2008-08-14 13:01:40 [MgmSrvr] INFO     -- Node 3: Backup 10 started from node 1
2008-08-14 13:01:40 [MgmSrvr] INFO     -- Node 3: Backup 10 started from node 1 completed. StartGCP: 693 StopGCP: 696 #Records: 4488 #LogRecords: 0 Data: 99512 bytes Log: 0 bytes
2008-08-14 13:02:02 [MgmSrvr] WARNING  -- Node 3: Node 2 missed heartbeat 2
2008-08-14 13:02:02 [MgmSrvr] WARNING  -- Node 3: Node 2 missed heartbeat 3
2008-08-14 13:02:02 [MgmSrvr] WARNING  -- Node 4: Node 2 missed heartbeat 2
2008-08-14 13:02:02 [MgmSrvr] WARNING  -- Node 4: Node 2 missed heartbeat 3
2008-08-14 13:02:02 [MgmSrvr] ALERT    -- Node 2: Node 3 Disconnected
2008-08-14 13:02:02 [MgmSrvr] ALERT    -- Node 2: Node 4 Disconnected
2008-08-14 13:02:12 [MgmSrvr] INFO     -- Mgmt server state: nodeid 1 freed, m_reserved_nodes 0000000000000000000000000000000000000000000000000000000000000040.
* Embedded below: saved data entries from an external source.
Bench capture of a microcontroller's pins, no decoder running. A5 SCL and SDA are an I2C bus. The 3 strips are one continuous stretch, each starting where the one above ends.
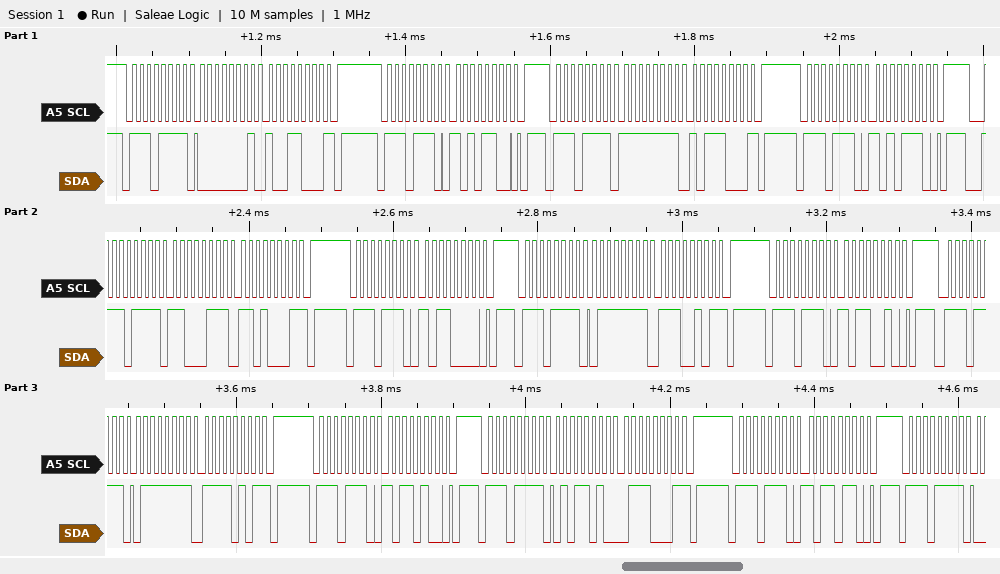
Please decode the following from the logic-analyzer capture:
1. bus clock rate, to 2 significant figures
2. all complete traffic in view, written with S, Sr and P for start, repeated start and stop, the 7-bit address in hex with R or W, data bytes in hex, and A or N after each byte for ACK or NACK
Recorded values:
100 kHz
S 77R A 01 A 98 N P S 77W A AC A P S 77R A FF A B8 N P S 77W A AE A P S 77R A C7 A D1 N P S 77W A B0 A P S 77R A 7F A E5 N P S 77W A B2 A P S 77R A 7F A F5 N P S 77W A B4 A P S 77R A 5A A 71 N P S 77W A B6 A P S 77R A
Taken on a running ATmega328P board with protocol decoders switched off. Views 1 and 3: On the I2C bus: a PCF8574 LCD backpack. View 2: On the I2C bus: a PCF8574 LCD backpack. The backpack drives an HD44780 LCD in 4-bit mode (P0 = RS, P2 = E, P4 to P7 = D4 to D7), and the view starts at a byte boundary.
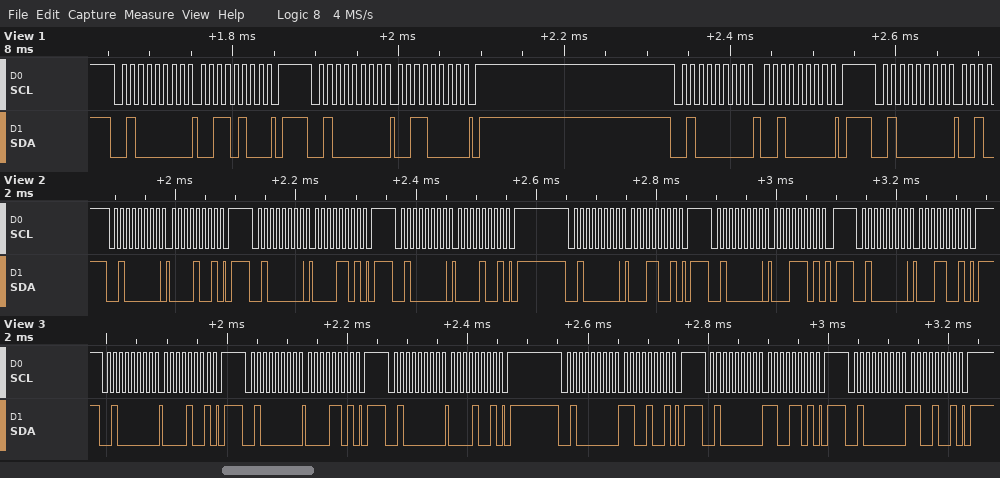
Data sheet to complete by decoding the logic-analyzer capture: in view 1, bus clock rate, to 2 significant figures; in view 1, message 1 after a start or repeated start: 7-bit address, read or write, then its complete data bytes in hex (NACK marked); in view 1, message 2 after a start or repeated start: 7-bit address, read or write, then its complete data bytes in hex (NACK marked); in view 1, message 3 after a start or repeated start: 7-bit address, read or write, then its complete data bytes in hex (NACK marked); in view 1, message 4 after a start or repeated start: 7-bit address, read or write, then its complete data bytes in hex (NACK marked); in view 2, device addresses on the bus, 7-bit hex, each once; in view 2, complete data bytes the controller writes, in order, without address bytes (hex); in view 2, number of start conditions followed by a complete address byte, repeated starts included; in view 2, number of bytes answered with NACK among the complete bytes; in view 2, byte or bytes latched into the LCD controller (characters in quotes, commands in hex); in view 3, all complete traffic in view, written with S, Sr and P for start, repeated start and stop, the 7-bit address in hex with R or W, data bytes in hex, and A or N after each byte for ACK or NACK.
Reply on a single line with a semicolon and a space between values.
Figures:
100 kHz; 0x20 write: 34; 0x20 write: 30; 0x20 write: 20; 0x20 write; 0x20; 09 0D 09 19 1D 19; 6; 0; data 0x01; S 20W A 09 A P S 20W A 0D A P S 20W A 09 A P S 20W A C9 A P S 20W A CD A P S 20W A C9 A P
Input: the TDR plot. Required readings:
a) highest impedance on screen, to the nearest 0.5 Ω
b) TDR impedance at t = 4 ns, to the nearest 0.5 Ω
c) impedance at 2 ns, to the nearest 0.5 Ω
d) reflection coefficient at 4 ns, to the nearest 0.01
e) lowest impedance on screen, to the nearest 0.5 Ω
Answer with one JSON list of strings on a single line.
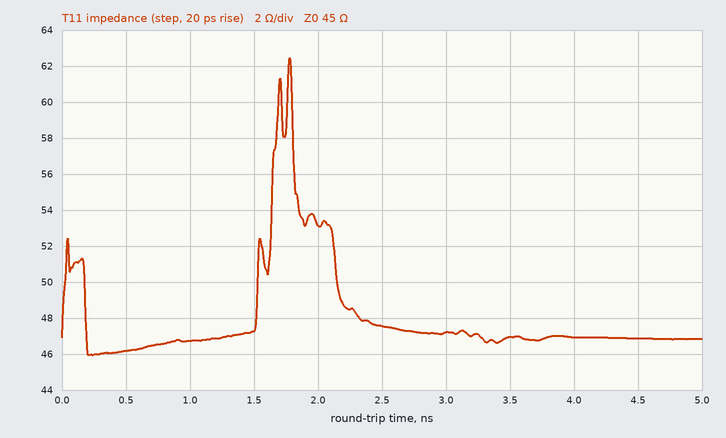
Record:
["62.5 Ω", "47.0 Ω", "53.0 Ω", "+0.02", "46.0 Ω"]
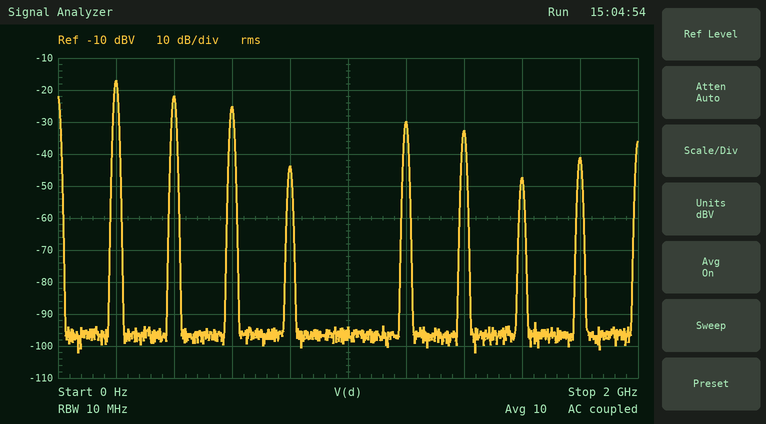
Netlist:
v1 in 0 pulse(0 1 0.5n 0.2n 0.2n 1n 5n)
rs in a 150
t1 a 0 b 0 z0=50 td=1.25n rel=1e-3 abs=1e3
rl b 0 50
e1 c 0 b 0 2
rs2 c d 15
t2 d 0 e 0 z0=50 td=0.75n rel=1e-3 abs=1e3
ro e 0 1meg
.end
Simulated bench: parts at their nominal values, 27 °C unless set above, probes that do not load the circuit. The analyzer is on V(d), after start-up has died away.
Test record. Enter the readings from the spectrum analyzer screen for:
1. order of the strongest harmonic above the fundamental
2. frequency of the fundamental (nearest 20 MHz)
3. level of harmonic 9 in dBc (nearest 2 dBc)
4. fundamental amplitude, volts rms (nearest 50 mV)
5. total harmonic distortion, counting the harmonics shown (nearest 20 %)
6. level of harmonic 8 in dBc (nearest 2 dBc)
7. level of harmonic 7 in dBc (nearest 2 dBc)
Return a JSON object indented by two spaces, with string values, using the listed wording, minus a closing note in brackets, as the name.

{
  "order of the strongest harmonic above the fundamental": "2",
  "frequency of the fundamental": "200 MHz",
  "level of harmonic 9 in dBc": "-24 dBc",
  "fundamental amplitude, volts rms": "150 mV",
  "total harmonic distortion, counting the harmonics shown": "80 %",
  "level of harmonic 8 in dBc": "-30 dBc",
  "level of harmonic 7 in dBc": "-16 dBc"
}
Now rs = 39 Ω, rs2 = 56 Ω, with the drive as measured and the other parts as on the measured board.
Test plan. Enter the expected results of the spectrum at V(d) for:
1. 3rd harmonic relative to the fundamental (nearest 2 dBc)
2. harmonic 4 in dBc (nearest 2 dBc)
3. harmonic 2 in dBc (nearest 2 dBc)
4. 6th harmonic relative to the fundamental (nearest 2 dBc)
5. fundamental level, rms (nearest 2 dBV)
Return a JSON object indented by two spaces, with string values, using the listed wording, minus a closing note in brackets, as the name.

{
  "3rd harmonic relative to the fundamental": "-4 dBc",
  "harmonic 4 in dBc": "-24 dBc",
  "harmonic 2 in dBc": "-8 dBc",
  "6th harmonic relative to the fundamental": "-10 dBc",
  "fundamental level, rms": "-14 dBV"
}
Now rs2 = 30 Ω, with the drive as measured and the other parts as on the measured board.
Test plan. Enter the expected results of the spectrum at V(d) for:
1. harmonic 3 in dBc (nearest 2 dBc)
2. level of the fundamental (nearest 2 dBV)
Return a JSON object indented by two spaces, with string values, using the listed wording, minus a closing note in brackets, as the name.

{
  "harmonic 3 in dBc": "-6 dBc",
  "level of the fundamental": "-18 dBV"
}

2008-08-14 13:02:12 [MgmSrvr] INFO     -- Mgmt server state: nodeid 1 reserved for ip 192.168.122.13, m_reserved_nodes 0000000000000000000000000000000000000000000000000000000000000042.
2008-08-14 13:02:58 [MgmSrvr] INFO     -- Node 2: Node 4 Connected
2008-08-14 13:02:58 [MgmSrvr] INFO     -- Node 2: Node 3 Connected
2008-08-14 13:02:58 [MgmSrvr] INFO     -- Node 3: Started arbitrator node 1 [ticket=05b5000ac0e14d31]
[20 Nov 2008 7:40] Bernd Ocklin
Not able to reproduce and test case missing.